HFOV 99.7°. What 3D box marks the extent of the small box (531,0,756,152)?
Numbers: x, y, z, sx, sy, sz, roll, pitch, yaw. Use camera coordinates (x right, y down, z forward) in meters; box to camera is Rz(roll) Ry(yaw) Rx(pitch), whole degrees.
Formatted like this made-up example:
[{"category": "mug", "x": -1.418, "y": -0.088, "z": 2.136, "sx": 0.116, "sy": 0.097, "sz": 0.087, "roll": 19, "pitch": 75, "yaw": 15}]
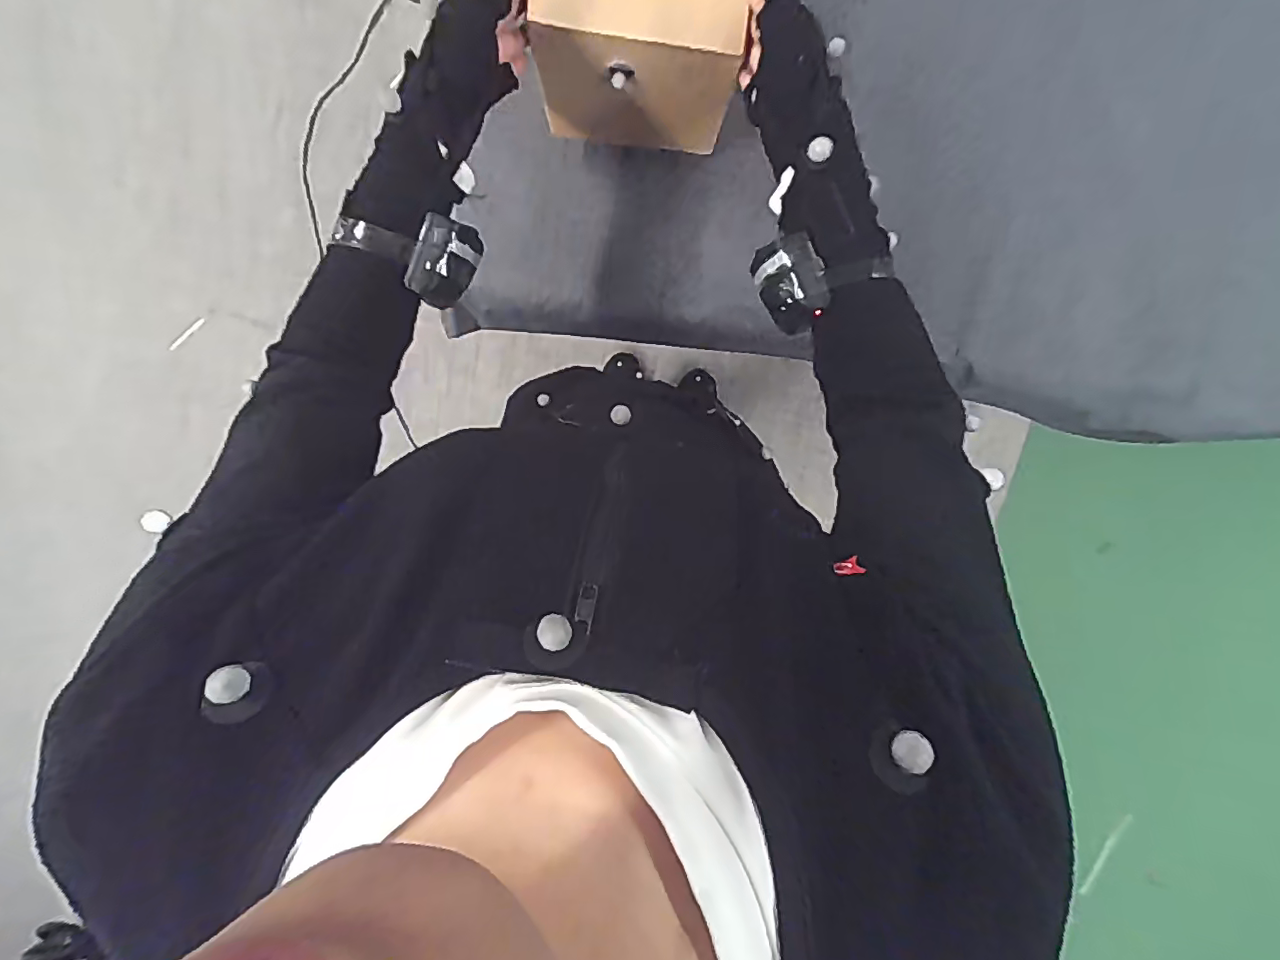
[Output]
[{"category": "small box", "x": 0.008, "y": -0.432, "z": 0.496, "sx": 0.179, "sy": 0.176, "sz": 0.168, "roll": 6, "pitch": 96, "yaw": -3}]

== == ==

→ GOAL OF THE EXERCISE:
Reproduce the data above verbatim, minus any images.

→ SOLVED EXERCISE:
HFOV 99.7°. What 3D box marks the extent of the small box (531,0,756,152)?
Numbers: x, y, z, sx, sy, sz, roll, pitch, yaw. Use camera coordinates (x right, y down, z forward) in meters; box to camera is Rz(roll) Ry(yaw) Rx(pitch), whole degrees.
Formatted like this made-up example:
[{"category": "mug", "x": -1.418, "y": -0.088, "z": 2.136, "sx": 0.116, "sy": 0.097, "sz": 0.087, "roll": 19, "pitch": 75, "yaw": 15}]
[Output]
[{"category": "small box", "x": 0.008, "y": -0.432, "z": 0.496, "sx": 0.179, "sy": 0.176, "sz": 0.168, "roll": 6, "pitch": 96, "yaw": -3}]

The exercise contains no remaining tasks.